## EXERCISE INSTRUCTIONS
Nothing in the records below should be altered in the copy, although the pictures must be left out.

Records drawn from a dataset:
BEGIN

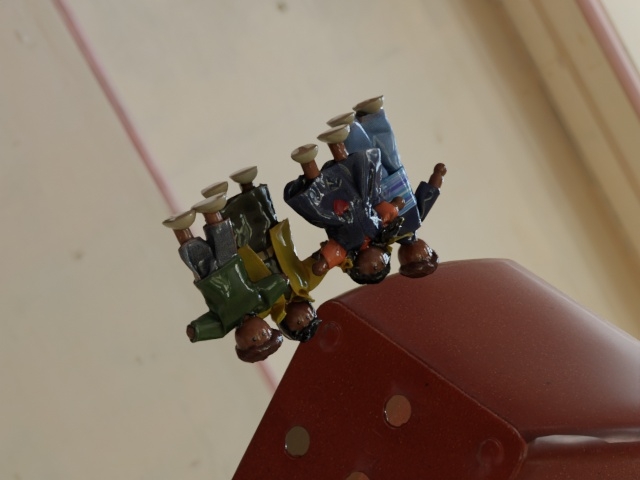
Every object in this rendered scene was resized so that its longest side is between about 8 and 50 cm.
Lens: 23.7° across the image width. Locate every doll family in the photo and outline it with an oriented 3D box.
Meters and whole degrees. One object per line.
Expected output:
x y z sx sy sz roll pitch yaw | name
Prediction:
0.000 0.000 0.867 0.193 0.111 0.076 -29 -167 -13 | doll family

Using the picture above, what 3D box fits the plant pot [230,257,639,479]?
0.091 0.168 1.003 0.235 0.267 0.267 13 107 -50 | plant pot
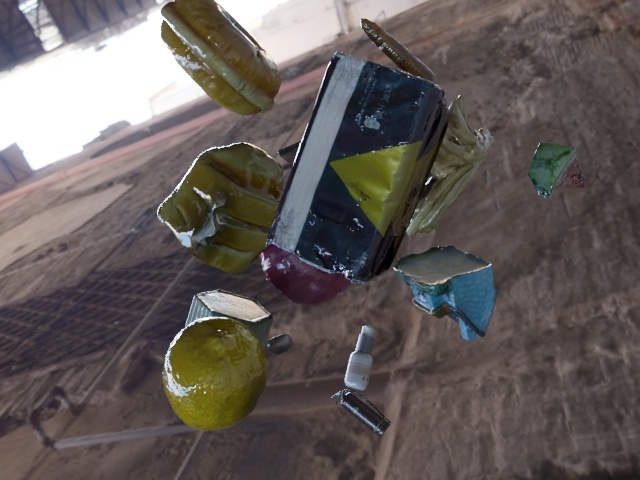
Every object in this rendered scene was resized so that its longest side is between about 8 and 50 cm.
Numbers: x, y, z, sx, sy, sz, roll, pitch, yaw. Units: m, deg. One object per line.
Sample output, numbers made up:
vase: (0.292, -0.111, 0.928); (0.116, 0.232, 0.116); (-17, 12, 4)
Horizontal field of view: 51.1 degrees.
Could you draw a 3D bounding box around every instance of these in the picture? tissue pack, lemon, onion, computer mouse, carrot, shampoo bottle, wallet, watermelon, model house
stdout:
tissue pack: (0.083, -0.138, 1.394); (0.417, 0.253, 0.264); (-68, -15, 5)
lemon: (-0.253, 0.322, 1.604); (0.253, 0.253, 0.310); (-75, -1, -54)
onion: (-0.028, 0.014, 2.071); (0.358, 0.345, 0.358); (54, 178, 3)
computer mouse: (-0.101, 0.268, 1.697); (0.096, 0.066, 0.039); (78, 171, -70)
carrot: (0.236, -0.558, 2.009); (0.314, 0.066, 0.066); (39, -147, -18)
shampoo bottle: (0.127, 0.361, 2.069); (0.074, 0.074, 0.192); (38, -119, -54)
wallet: (-0.001, -0.282, 1.915); (0.119, 0.232, 0.025); (22, -133, -78)
watermelon: (0.575, -0.182, 1.610); (0.098, 0.158, 0.121); (42, 135, 46)
model house: (0.370, 0.169, 2.006); (0.261, 0.226, 0.241); (-145, 38, -65)

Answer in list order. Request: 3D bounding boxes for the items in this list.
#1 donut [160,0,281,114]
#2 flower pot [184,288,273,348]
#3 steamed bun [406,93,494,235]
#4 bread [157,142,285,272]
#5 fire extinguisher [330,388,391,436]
donut: (-0.290, -0.543, 1.952); (0.449, 0.198, 0.449); (43, -169, -11)
flower pot: (-0.270, 0.267, 1.918); (0.209, 0.239, 0.190); (10, -78, -36)
steamed bun: (0.328, -0.219, 1.744); (0.189, 0.247, 0.428); (41, -125, -1)
bread: (-0.236, -0.086, 1.758); (0.300, 0.341, 0.210); (43, -152, -9)
fire extinguisher: (0.102, 0.428, 1.688); (0.158, 0.064, 0.043); (38, -165, 10)
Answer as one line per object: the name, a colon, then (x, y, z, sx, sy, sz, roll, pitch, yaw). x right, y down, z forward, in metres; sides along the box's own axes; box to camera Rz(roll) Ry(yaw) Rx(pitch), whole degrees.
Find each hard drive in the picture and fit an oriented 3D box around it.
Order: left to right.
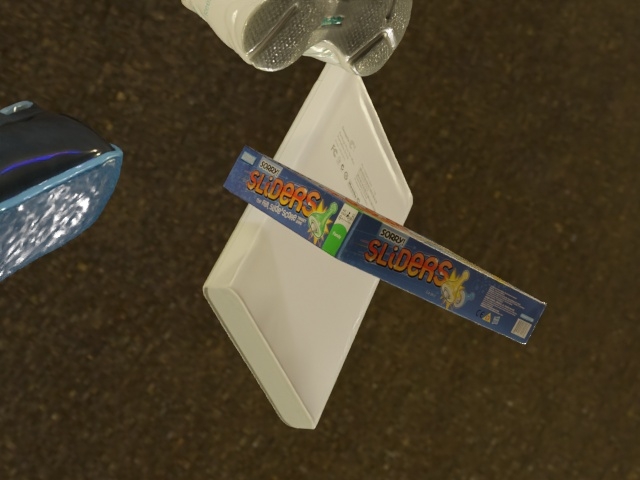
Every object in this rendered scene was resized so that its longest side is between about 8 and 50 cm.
hard drive: (0.000, 0.000, 1.240, 0.203, 0.040, 0.307, 63, 40, -38)

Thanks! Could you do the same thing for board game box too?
board game box: (0.046, 0.005, 0.871, 0.201, 0.136, 0.035, 25, 94, -43)

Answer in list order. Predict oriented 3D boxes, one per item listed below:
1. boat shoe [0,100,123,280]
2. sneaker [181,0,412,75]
boat shoe: (-0.218, -0.011, 0.678, 0.109, 0.089, 0.258, -59, 164, 27)
sneaker: (-0.007, -0.118, 0.631, 0.152, 0.061, 0.053, -6, 126, -55)
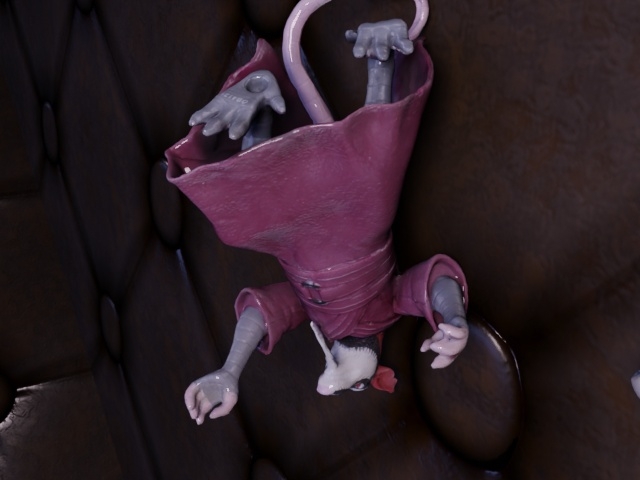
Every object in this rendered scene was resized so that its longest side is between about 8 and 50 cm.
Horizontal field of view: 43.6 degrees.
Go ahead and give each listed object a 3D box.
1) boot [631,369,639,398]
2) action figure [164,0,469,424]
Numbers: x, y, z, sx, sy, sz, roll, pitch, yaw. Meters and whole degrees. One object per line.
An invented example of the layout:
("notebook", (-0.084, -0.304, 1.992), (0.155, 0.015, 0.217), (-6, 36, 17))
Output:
("boot", (0.255, 0.059, 0.387), (0.123, 0.095, 0.258), (58, 145, 20))
("action figure", (0.000, 0.000, 0.705), (0.276, 0.248, 0.370), (-84, -15, -45))
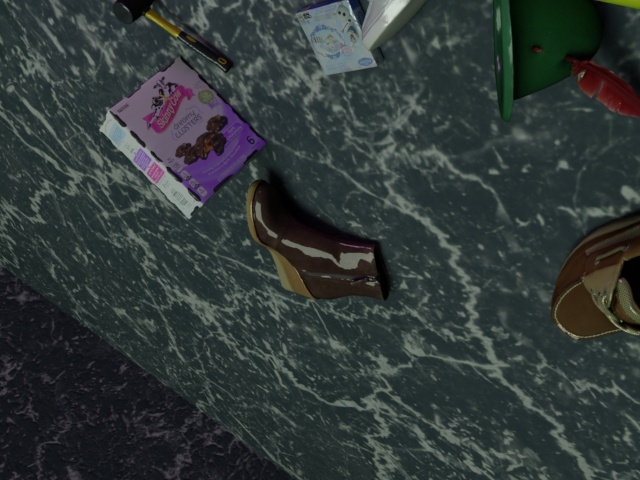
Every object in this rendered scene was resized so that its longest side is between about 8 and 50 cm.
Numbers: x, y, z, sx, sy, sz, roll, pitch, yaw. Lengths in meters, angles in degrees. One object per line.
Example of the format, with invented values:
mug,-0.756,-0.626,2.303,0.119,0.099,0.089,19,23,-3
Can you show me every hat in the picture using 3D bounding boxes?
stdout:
hat,0.258,-0.199,0.661,0.183,0.173,0.208,-2,166,12

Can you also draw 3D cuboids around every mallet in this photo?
mallet,-0.218,-0.302,1.043,0.189,0.062,0.039,40,147,1

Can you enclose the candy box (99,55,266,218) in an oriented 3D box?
candy box,-0.213,-0.162,1.110,0.196,0.165,0.070,45,147,-7

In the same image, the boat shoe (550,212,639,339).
boat shoe,0.358,0.041,0.798,0.122,0.120,0.324,38,148,6

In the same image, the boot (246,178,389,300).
boot,0.000,0.000,1.188,0.206,0.090,0.249,2,131,29

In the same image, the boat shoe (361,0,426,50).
boat shoe,0.083,-0.281,0.755,0.063,0.066,0.184,49,150,7

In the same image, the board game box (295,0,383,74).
board game box,0.024,-0.255,0.886,0.090,0.020,0.090,3,132,44

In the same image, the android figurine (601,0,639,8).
android figurine,0.281,-0.292,0.540,0.272,0.056,0.248,25,144,27

END

## RESULT OF THE TASK
Every object in this rendered scene was resized so that its longest side is between about 8 and 50 cm.
Lens: 23.7° across the image width. Locate every doll family in the photo and outline it with an oriented 3D box.
Meters and whole degrees. One object per line.
Expected output:
x y z sx sy sz roll pitch yaw | name
Prediction:
0.000 0.000 0.867 0.193 0.111 0.076 -29 -167 -13 | doll family

Using the picture above, what 3D box fits the plant pot [230,257,639,479]?
0.091 0.168 1.003 0.235 0.267 0.267 13 107 -50 | plant pot
Every object in this rendered scene was resized so that its longest side is between about 8 and 50 cm.
Numbers: x, y, z, sx, sy, sz, roll, pitch, yaw. Units: m, deg. One object per line.
Sample output, numbers made up:
vase: (0.292, -0.111, 0.928); (0.116, 0.232, 0.116); (-17, 12, 4)
Horizontal field of view: 51.1 degrees.
Could you draw a 3D bounding box around every instance of these in the picture? tissue pack, lemon, onion, computer mouse, carrot, shampoo bottle, wallet, watermelon, model house
stdout:
tissue pack: (0.083, -0.138, 1.394); (0.417, 0.253, 0.264); (-68, -15, 5)
lemon: (-0.253, 0.322, 1.604); (0.253, 0.253, 0.310); (-75, -1, -54)
onion: (-0.028, 0.014, 2.071); (0.358, 0.345, 0.358); (54, 178, 3)
computer mouse: (-0.101, 0.268, 1.697); (0.096, 0.066, 0.039); (78, 171, -70)
carrot: (0.236, -0.558, 2.009); (0.314, 0.066, 0.066); (39, -147, -18)
shampoo bottle: (0.127, 0.361, 2.069); (0.074, 0.074, 0.192); (38, -119, -54)
wallet: (-0.001, -0.282, 1.915); (0.119, 0.232, 0.025); (22, -133, -78)
watermelon: (0.575, -0.182, 1.610); (0.098, 0.158, 0.121); (42, 135, 46)
model house: (0.370, 0.169, 2.006); (0.261, 0.226, 0.241); (-145, 38, -65)

Answer in list order. Request: 3D bounding boxes for the items in this list.
#1 donut [160,0,281,114]
#2 flower pot [184,288,273,348]
#3 steamed bun [406,93,494,235]
#4 bread [157,142,285,272]
#5 fire extinguisher [330,388,391,436]
donut: (-0.290, -0.543, 1.952); (0.449, 0.198, 0.449); (43, -169, -11)
flower pot: (-0.270, 0.267, 1.918); (0.209, 0.239, 0.190); (10, -78, -36)
steamed bun: (0.328, -0.219, 1.744); (0.189, 0.247, 0.428); (41, -125, -1)
bread: (-0.236, -0.086, 1.758); (0.300, 0.341, 0.210); (43, -152, -9)
fire extinguisher: (0.102, 0.428, 1.688); (0.158, 0.064, 0.043); (38, -165, 10)
Answer as one line per object: the name, a colon, then (x, y, z, sx, sy, sz, roll, pitch, yaw). x right, y down, z forward, in metres; sides along the box's own axes; box to camera Rz(roll) Ry(yaw) Rx(pitch), whole degrees.
Find each hard drive in the picture and fit an oriented 3D box around it.
Order: left to right.
Every object in this rendered scene was resized so that its longest side is between about 8 and 50 cm.
hard drive: (0.000, 0.000, 1.240, 0.203, 0.040, 0.307, 63, 40, -38)

Thanks! Could you do the same thing for board game box too?
board game box: (0.046, 0.005, 0.871, 0.201, 0.136, 0.035, 25, 94, -43)

Answer in list order. Predict oriented 3D boxes, one per item listed below:
1. boat shoe [0,100,123,280]
2. sneaker [181,0,412,75]
boat shoe: (-0.218, -0.011, 0.678, 0.109, 0.089, 0.258, -59, 164, 27)
sneaker: (-0.007, -0.118, 0.631, 0.152, 0.061, 0.053, -6, 126, -55)
Every object in this rendered scene was resized so that its longest side is between about 8 and 50 cm.
Horizontal field of view: 43.6 degrees.
Go ahead and give each listed object a 3D box.
1) boot [631,369,639,398]
2) action figure [164,0,469,424]
Numbers: x, y, z, sx, sy, sz, roll, pitch, yaw. Meters and whole degrees. One object per line.
An invented example of the layout:
("notebook", (-0.084, -0.304, 1.992), (0.155, 0.015, 0.217), (-6, 36, 17))
Output:
("boot", (0.255, 0.059, 0.387), (0.123, 0.095, 0.258), (58, 145, 20))
("action figure", (0.000, 0.000, 0.705), (0.276, 0.248, 0.370), (-84, -15, -45))
Every object in this rendered scene was resized so that its longest side is between about 8 and 50 cm.
Numbers: x, y, z, sx, sy, sz, roll, pitch, yaw. Lengths in meters, angles in degrees. One object per line.
Example of the format, with invented values:
mug,-0.756,-0.626,2.303,0.119,0.099,0.089,19,23,-3
Can you show me every hat in the picture using 3D bounding boxes?
stdout:
hat,0.258,-0.199,0.661,0.183,0.173,0.208,-2,166,12

Can you also draw 3D cuboids around every mallet in this photo?
mallet,-0.218,-0.302,1.043,0.189,0.062,0.039,40,147,1

Can you enclose the candy box (99,55,266,218) in an oriented 3D box?
candy box,-0.213,-0.162,1.110,0.196,0.165,0.070,45,147,-7

In the same image, the boat shoe (550,212,639,339).
boat shoe,0.358,0.041,0.798,0.122,0.120,0.324,38,148,6

In the same image, the boot (246,178,389,300).
boot,0.000,0.000,1.188,0.206,0.090,0.249,2,131,29

In the same image, the boat shoe (361,0,426,50).
boat shoe,0.083,-0.281,0.755,0.063,0.066,0.184,49,150,7

In the same image, the board game box (295,0,383,74).
board game box,0.024,-0.255,0.886,0.090,0.020,0.090,3,132,44

In the same image, the android figurine (601,0,639,8).
android figurine,0.281,-0.292,0.540,0.272,0.056,0.248,25,144,27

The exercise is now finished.